The one year game develpoment duel



Stats From the First Quarter

It’s hard to believe that we’re already 3 months into the competition. My first quarter of game development consisted of many highs and lows, but most importantly I still consider it among the most rewarding things I’ve done. From a purely stats perspective, I think my productivity can be summed up as a strong start, medium middle, and lacking end. I thought it would be fun to look at some concrete numbers, so here is what I came up with.

Full Infographic ]          [ Current state of my game ]

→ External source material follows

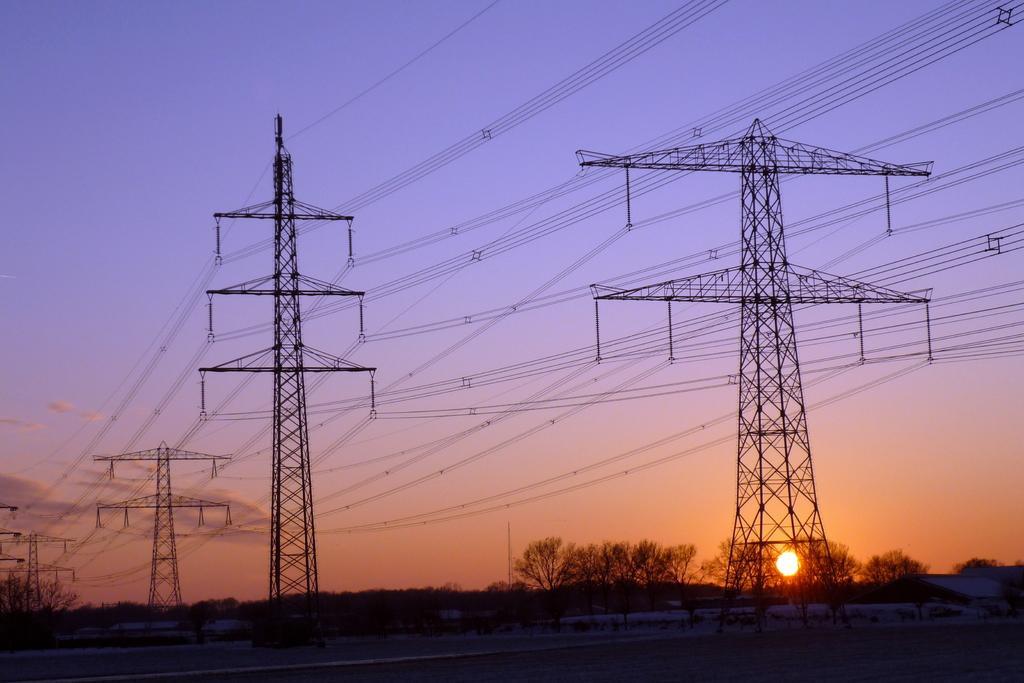Describe this image in one or two sentences. In this image in the background there are trees, towers and there are wires on the towers and the sun is visible. 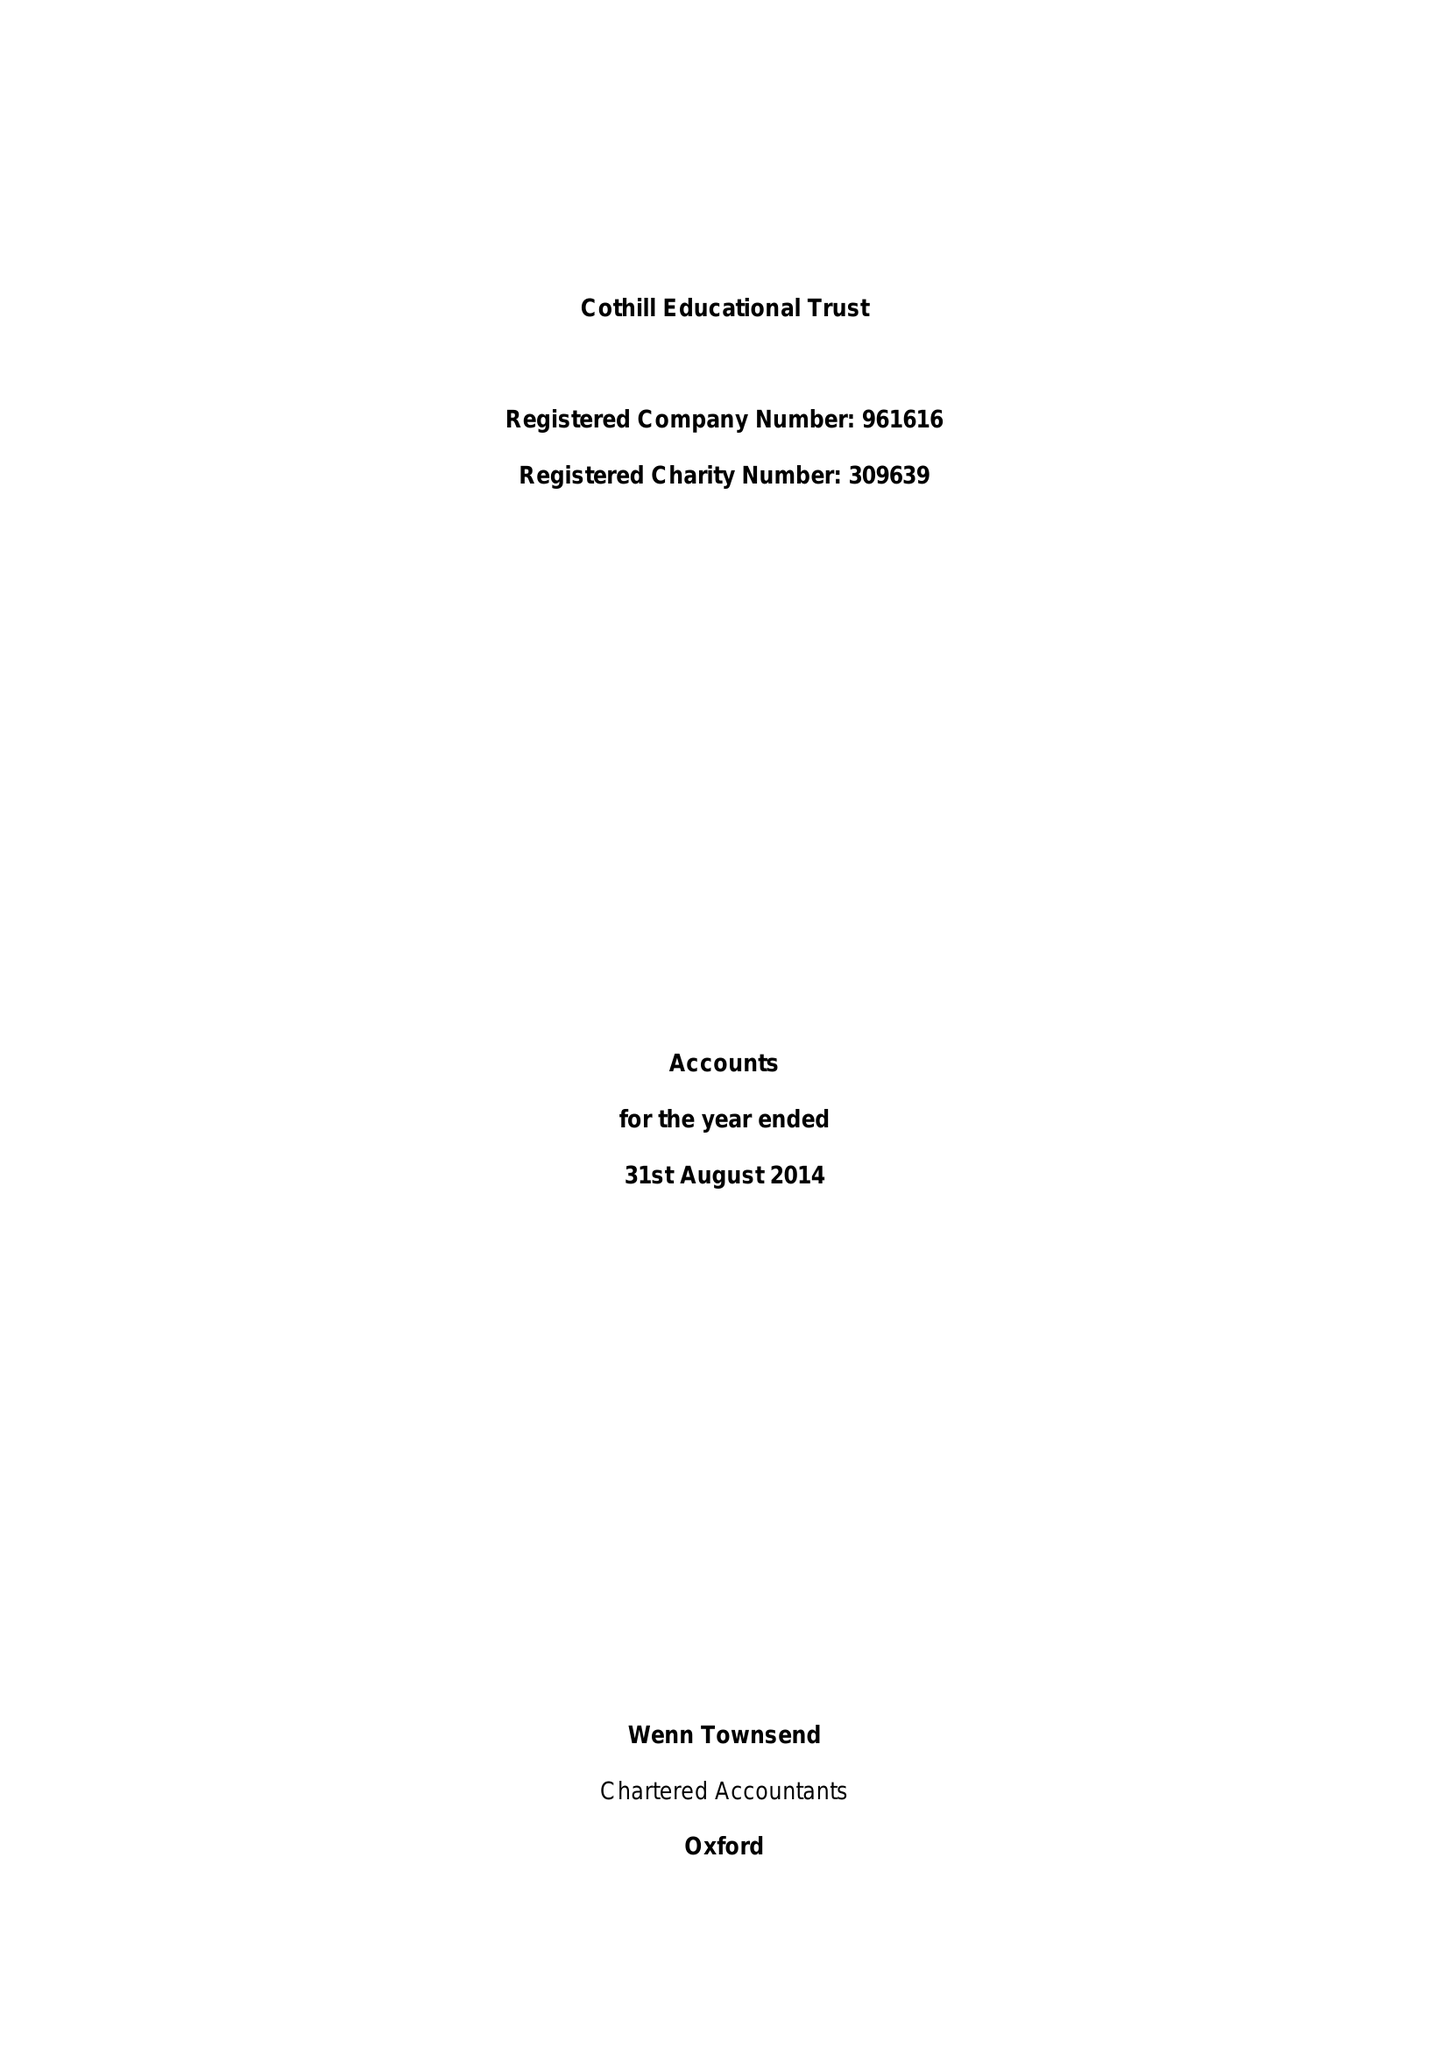What is the value for the charity_number?
Answer the question using a single word or phrase. 309639

Overall, it is tough to make any concrete conclusions on these numbers, but here are my thoughts:

  • One line of production ready gamedev code is harder than one line of web code. I’d attribute this to web code being predictable and routine while game code is very situational, which requires more thought.
  • I truly believe I’ll be able to write faster code in Swift. As a basic example, my largest Objective-C commit back in April came with a ResuceTime productivity score of 91. The similar commit in June with Swift had a score of 72. Part of that can be attributed to experience, but not all.
  • Regardless of my switch to Swift, I would have still had to refactor my first two months of work. When learning something new, plan to throw a lot of your mistakes away.
  • Looking at deletions, it’s safe to say I refactor or clean up ~30% of the code I write.


Rescuetime has been a great tool to track hours at the computer, so we have them to thank for the productivity data. In general, I consider myself a very effective worker, so I don’t usually resort to todo lists, bug trackers, or any other project management software. That said, Magic: The Gathering has been a huge distractor at work, so we have had to implement a rule on how often we’re allowed to play. Aside from that, the days at the office have been productive.


Things to consider with this data:

  • 17 lines of code per hour is assuming that both my Objective-C and Swift project count as “production ready.” Really though, if we just look at my Swift project as the final version, that number drops to 6.29 lines per hour.
  • If you don’t count my vacation time against me, I’m working on a computer for just over 6 hours each day.
  • If work is a 9 hour day, the other 3 hours are spent at lunch, playing games, working on art or brainstorming.
  • Right now, I’d say I need to increase the 6 hours a day by 30-60 minutes to be content with my effort.
  • Work / life balance is solid right now. Definitely don’t have the financial pressure of a start-up, which makes this time around a different type of experience.


I frequently ask myself why I track and care about social stats. Without a doubt, having a large social audience would make launching something easier. But, is an audience a necessity? I feel like most of the people I know with large followings earned their following by putting good work out there. The following was a result of hard work in the beginning — not the other way around. So, while a giant social reach would undoubtedly help, will great products still sell themselves?

The other aspect I’m intersted in conveying is just how hard it can be to make people care about you. With every person blogging and tweeting, it is hard to have your voice heard. It’s also much easier to say “I’ll care about the person when they show me something worth caring about.” If I’m being honest, I wouldn’t have much confidence in a gamedev competition taking place between two random people on the internet, so it is interesting tracking what it takes to get people to stay interested in ours.

With all that in mind, let’s look at some numbers:


As for my thoughts:

  • I’m currently tweeting about once per day. I have no desire to artificially raise this number. I’d like to tweet when relevant — not just to play a game to gain followers.
  • Even though I only have 10 subscribers, I’ve been pleasantly surprised with my YouTube experience. I’m happy to have my progress documented in video format, and having to show & tell every two weeks is a huge motivational tool.
  • Have a look at Chris’s post for stats on our blog. Overall, it is slow, but growing. As personal critique, I’d like to see more concise technical articles. I also look forward to getting out of the learning phase, and into the experimenting phase with game dev. I feel there will be more appeal for concept art, level design, etc.
2 of you did not hold your tongue!
  1. This is an awesome breakdown! I'll start doing this since I often feel like I'm churning. I can see that you guys are working and making progress. I would like to see you tweet more than once a day. I enjoy seeing people update their followers regarding struggles, triumphs, and plain status updates. I'm curious about when you redactor; does it sidetrack you or does it springboard you write cleaner "new" code?

  2. Thanks for the notes. Refactoring is hit or miss for me. When I'm not rushed, I tend to enjoy the process of reading about, learning and implementing new code techniques. There is a satisfaction with having clean / efficient code. I'd say that happens ~35% of the time. The other 65% of refactoring I tend to hate. Either way, it always results in productive new code – I never regret it.